→ **EXTRACTED INFORMATION**:
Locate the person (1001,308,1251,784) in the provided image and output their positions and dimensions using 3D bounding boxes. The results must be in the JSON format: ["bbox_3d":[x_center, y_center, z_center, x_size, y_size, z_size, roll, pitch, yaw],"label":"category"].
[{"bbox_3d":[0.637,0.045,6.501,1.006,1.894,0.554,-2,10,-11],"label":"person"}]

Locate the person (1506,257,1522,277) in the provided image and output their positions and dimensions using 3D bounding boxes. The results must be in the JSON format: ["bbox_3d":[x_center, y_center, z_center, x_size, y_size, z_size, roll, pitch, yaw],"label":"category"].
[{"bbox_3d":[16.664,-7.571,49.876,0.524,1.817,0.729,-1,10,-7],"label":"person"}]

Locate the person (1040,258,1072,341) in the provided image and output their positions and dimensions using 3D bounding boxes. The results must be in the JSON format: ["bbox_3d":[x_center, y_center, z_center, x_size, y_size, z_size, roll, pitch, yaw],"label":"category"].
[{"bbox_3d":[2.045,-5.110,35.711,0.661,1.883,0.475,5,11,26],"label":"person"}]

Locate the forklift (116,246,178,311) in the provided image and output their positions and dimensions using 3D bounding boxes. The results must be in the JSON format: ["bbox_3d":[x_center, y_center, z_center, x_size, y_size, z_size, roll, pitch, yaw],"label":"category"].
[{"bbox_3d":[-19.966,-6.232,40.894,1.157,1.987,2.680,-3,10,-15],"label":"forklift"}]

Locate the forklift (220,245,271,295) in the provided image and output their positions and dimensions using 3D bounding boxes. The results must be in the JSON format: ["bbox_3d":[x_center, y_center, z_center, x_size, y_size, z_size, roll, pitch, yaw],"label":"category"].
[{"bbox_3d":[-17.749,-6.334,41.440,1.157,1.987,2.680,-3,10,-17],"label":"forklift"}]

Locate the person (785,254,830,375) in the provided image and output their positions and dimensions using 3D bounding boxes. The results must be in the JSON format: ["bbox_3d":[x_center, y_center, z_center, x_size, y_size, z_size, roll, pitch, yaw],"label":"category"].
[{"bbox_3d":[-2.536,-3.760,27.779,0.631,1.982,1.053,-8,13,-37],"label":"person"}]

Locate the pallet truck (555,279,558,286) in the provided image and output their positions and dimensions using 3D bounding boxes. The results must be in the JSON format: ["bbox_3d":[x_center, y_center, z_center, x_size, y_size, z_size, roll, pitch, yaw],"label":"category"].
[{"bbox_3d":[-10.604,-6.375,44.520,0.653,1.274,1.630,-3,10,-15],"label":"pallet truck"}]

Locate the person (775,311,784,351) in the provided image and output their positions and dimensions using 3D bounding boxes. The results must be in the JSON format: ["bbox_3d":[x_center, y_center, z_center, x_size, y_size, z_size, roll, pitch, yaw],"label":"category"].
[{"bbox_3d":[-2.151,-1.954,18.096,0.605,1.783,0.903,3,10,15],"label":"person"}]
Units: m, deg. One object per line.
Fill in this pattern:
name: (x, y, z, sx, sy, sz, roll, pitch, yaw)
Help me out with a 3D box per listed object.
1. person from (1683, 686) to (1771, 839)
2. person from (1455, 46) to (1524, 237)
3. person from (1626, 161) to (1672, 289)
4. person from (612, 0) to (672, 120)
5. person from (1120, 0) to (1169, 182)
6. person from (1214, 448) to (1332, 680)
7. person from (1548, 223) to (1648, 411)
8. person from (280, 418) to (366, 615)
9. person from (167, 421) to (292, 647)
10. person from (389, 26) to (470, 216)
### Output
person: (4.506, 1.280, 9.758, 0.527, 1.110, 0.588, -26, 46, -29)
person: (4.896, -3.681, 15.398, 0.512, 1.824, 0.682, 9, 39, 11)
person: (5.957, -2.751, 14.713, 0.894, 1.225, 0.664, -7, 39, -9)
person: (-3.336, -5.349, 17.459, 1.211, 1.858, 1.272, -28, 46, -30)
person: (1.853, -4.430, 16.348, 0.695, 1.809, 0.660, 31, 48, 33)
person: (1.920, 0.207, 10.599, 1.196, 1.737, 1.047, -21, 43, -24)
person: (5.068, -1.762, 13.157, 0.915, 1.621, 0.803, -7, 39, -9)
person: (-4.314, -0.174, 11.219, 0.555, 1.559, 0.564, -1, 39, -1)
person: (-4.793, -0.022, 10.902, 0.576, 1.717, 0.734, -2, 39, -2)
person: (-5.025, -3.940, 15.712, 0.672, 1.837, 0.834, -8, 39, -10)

→ **WHAT TO PRODUCE**: Set down, exactly as they appear above, all lines from the one that has "1. person from (1683, 686) to (1771, 839)" down to the one that has "10. person from (389, 26) to (470, 216)", including those two and no others.

→ **RESPONSE AREA**:
1. person from (1683, 686) to (1771, 839)
2. person from (1455, 46) to (1524, 237)
3. person from (1626, 161) to (1672, 289)
4. person from (612, 0) to (672, 120)
5. person from (1120, 0) to (1169, 182)
6. person from (1214, 448) to (1332, 680)
7. person from (1548, 223) to (1648, 411)
8. person from (280, 418) to (366, 615)
9. person from (167, 421) to (292, 647)
10. person from (389, 26) to (470, 216)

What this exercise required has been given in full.